Would you print the records below from the first line through the line containing "(0.0s to 10.4s)", skipping the pictures?

- Opening Delimiter -

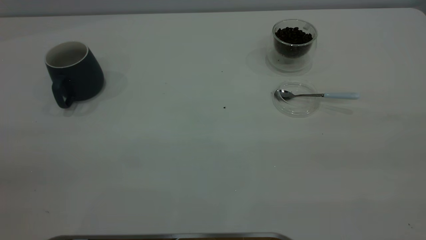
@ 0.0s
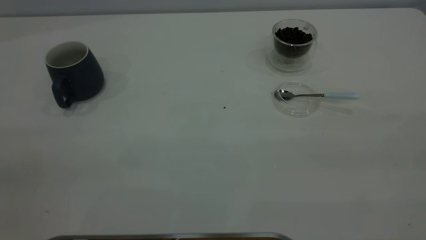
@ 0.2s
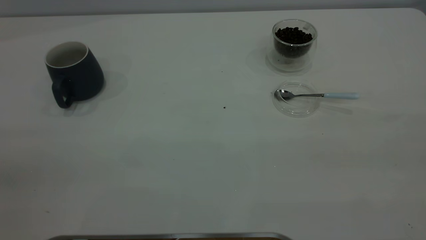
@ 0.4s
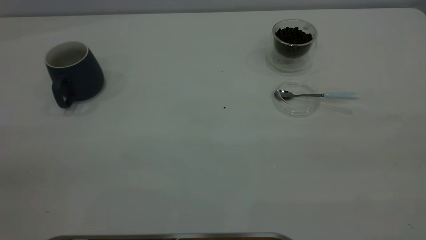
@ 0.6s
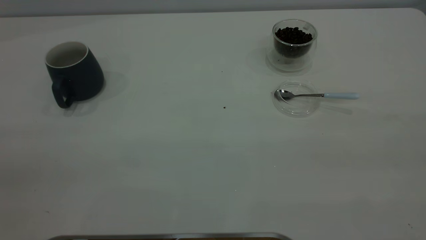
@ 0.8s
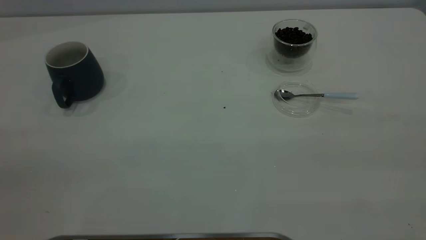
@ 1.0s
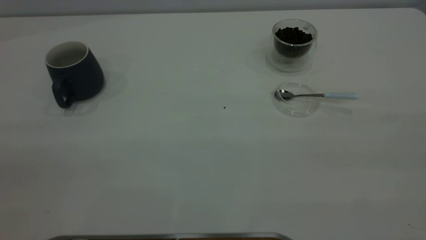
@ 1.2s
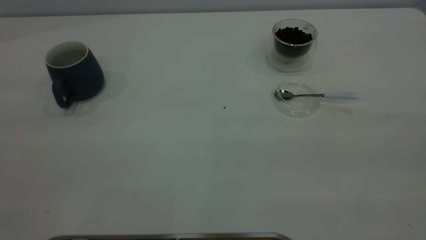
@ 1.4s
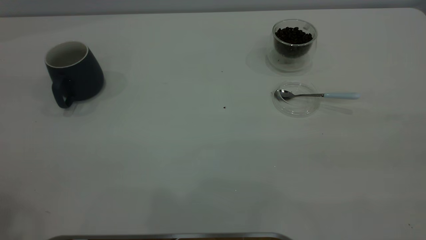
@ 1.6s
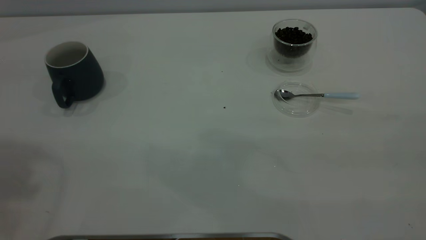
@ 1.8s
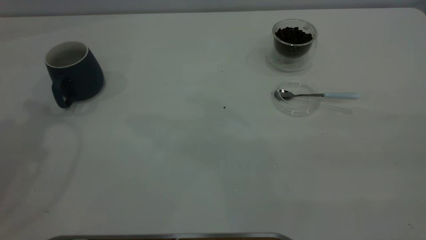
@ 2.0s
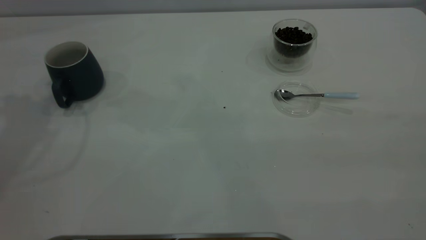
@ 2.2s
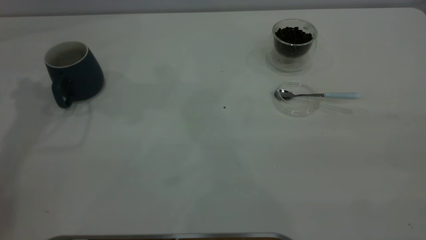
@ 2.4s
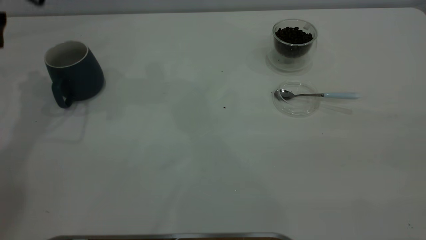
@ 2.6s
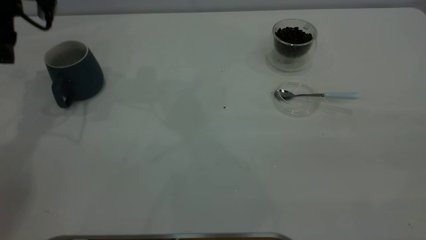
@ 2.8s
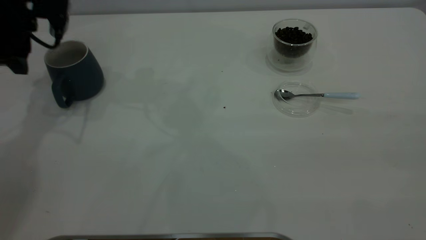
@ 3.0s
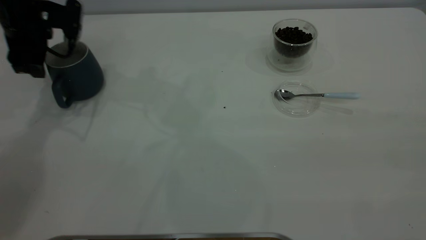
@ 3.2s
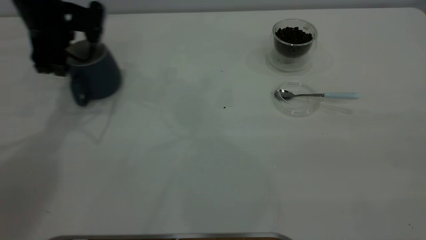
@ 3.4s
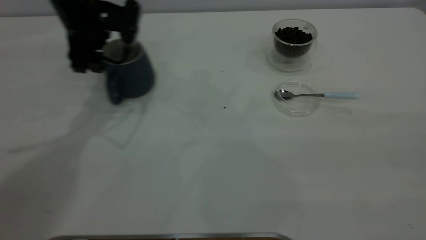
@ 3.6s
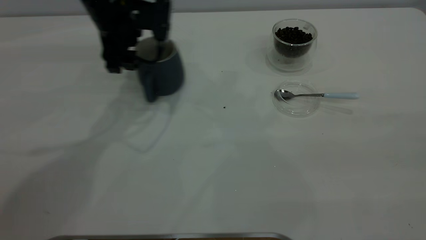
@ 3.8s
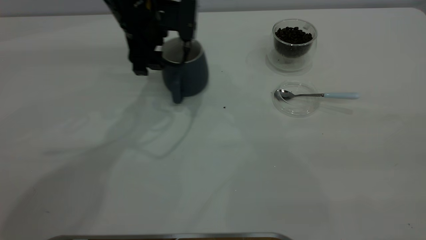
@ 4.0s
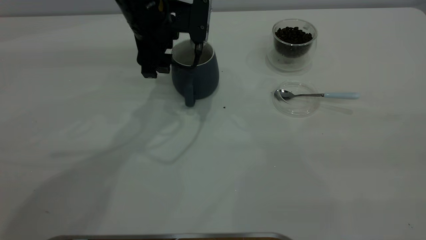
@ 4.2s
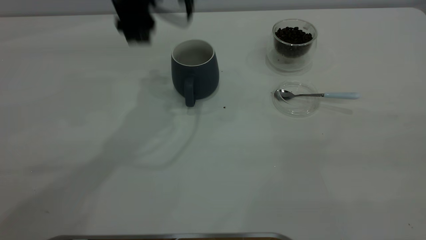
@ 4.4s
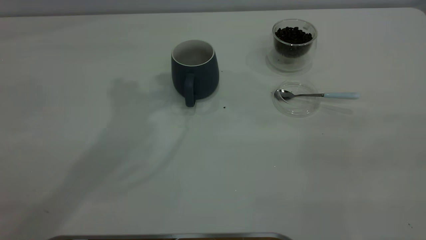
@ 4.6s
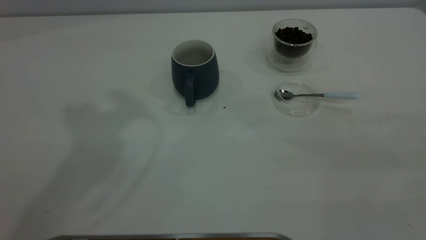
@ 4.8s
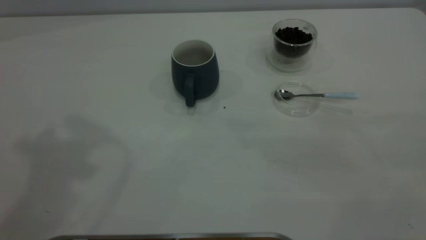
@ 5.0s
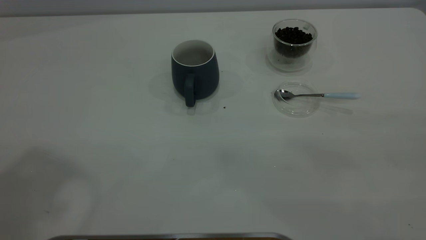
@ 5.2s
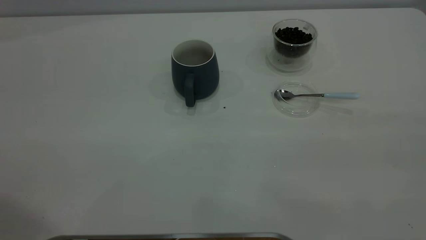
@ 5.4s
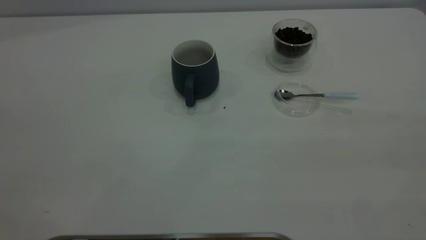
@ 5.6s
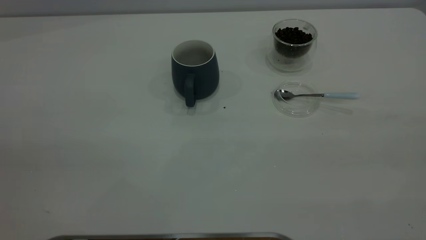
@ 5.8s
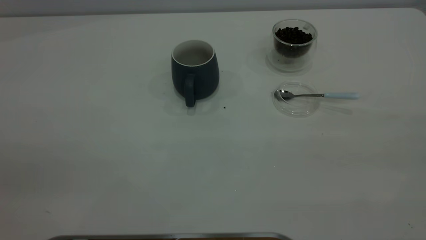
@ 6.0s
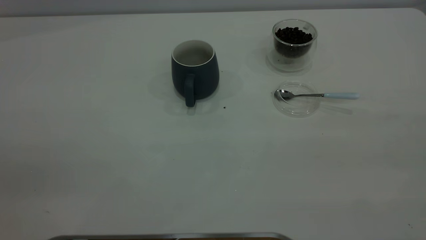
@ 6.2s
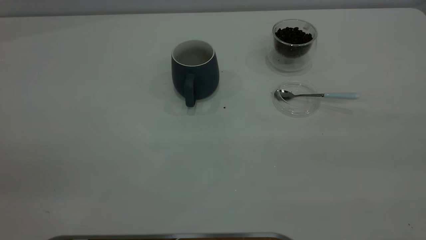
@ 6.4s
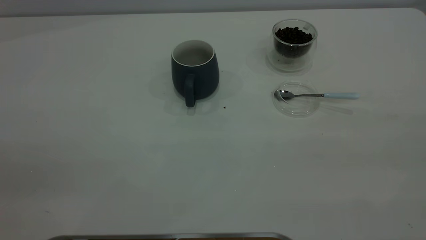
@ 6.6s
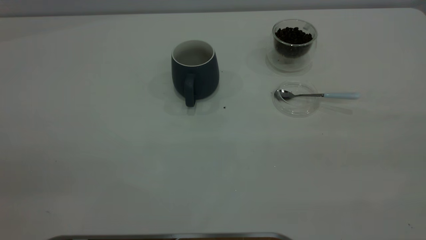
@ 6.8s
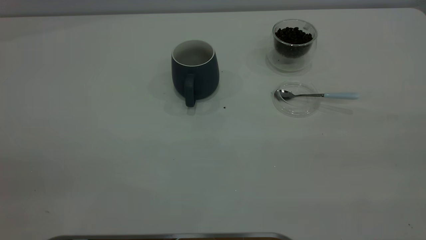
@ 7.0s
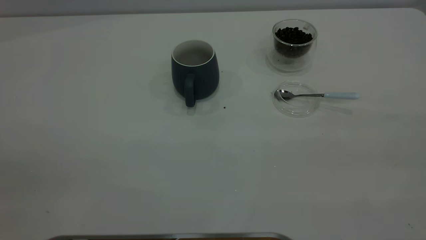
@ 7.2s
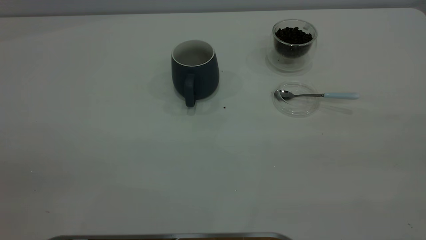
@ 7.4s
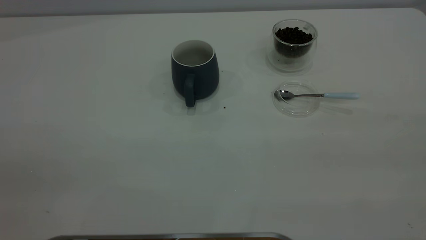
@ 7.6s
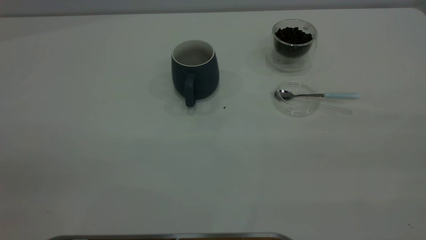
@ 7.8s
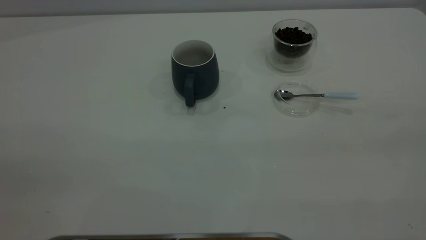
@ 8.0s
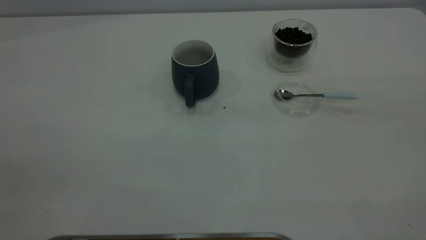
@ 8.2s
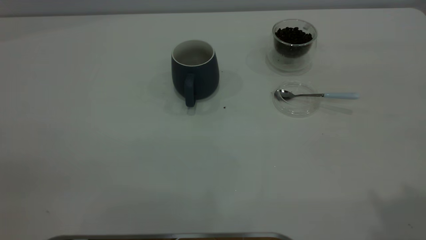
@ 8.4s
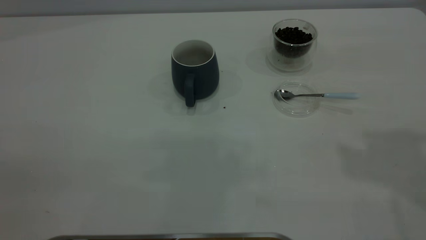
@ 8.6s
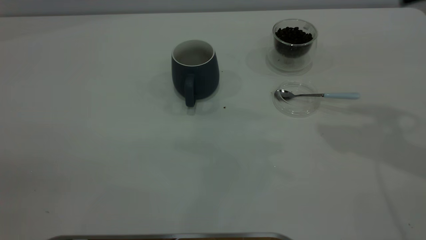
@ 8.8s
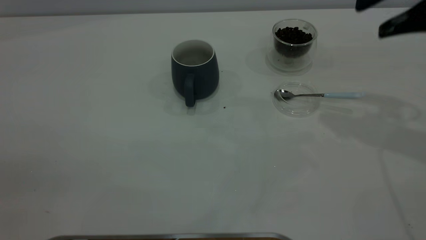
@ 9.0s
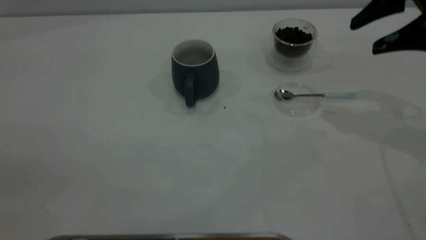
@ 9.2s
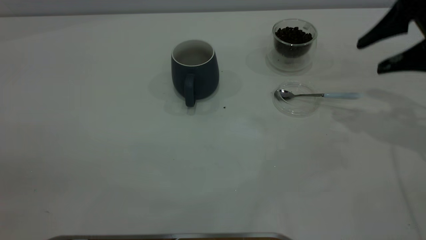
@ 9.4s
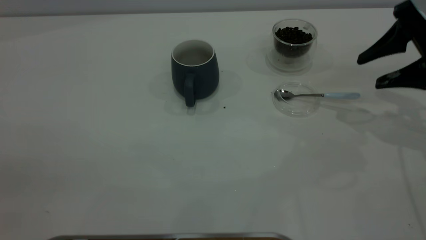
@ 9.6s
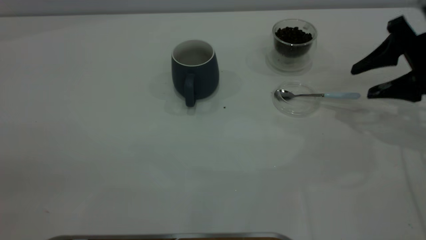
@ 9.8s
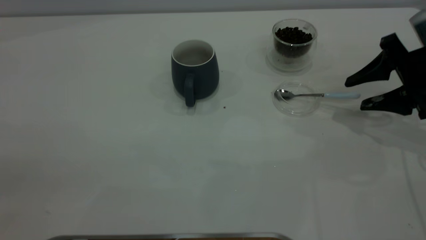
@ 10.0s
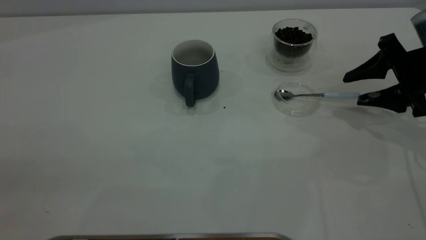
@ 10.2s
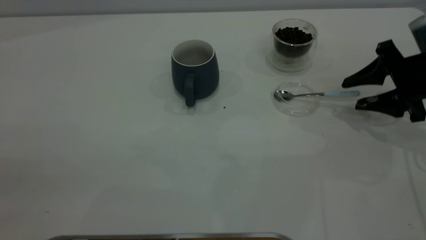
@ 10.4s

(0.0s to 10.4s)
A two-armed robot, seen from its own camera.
Task of the whole recording: the left gripper place the grey cup in the center of the table, the right gripper take the blue spoon from the cup lid and scoop out the coffee beans from the coffee cup and put them into the grey cup, the right gripper put the spoon back into the cup lid.
Step, 0.0s - 4.2s: Move the cup to the center of view.
1.4s - 3.0s: The left gripper moves forward and downward, some 50 cm.
3.0s - 4.4s: The left gripper moves to the right and upward, about 20 cm.
4.4s - 6.0s: The left gripper travels backward and to the left by roughly 40 cm.
7.4s - 9.0s: The right gripper shifts some 30 cm forward.
9.0s - 10.4s: The right gripper is displaced downward by some 15 cm.

- Closing Delimiter -

ANSWER TO THE PROBLEM:
@ 0.0s
@ 0.2s
@ 0.4s
@ 0.6s
@ 0.8s
@ 1.0s
@ 1.2s
@ 1.4s
@ 1.6s
@ 1.8s
@ 2.0s
@ 2.2s
@ 2.4s
@ 2.6s
@ 2.8s
@ 3.0s
@ 3.2s
@ 3.4s
@ 3.6s
@ 3.8s
@ 4.0s
@ 4.2s
@ 4.4s
@ 4.6s
@ 4.8s
@ 5.0s
@ 5.2s
@ 5.4s
@ 5.6s
@ 5.8s
@ 6.0s
@ 6.2s
@ 6.4s
@ 6.6s
@ 6.8s
@ 7.0s
@ 7.2s
@ 7.4s
@ 7.6s
@ 7.8s
@ 8.0s
@ 8.2s
@ 8.4s
@ 8.6s
@ 8.8s
@ 9.0s
@ 9.2s
@ 9.4s
@ 9.6s
@ 9.8s
@ 10.0s
@ 10.2s
@ 10.4s

(0.0s to 10.4s)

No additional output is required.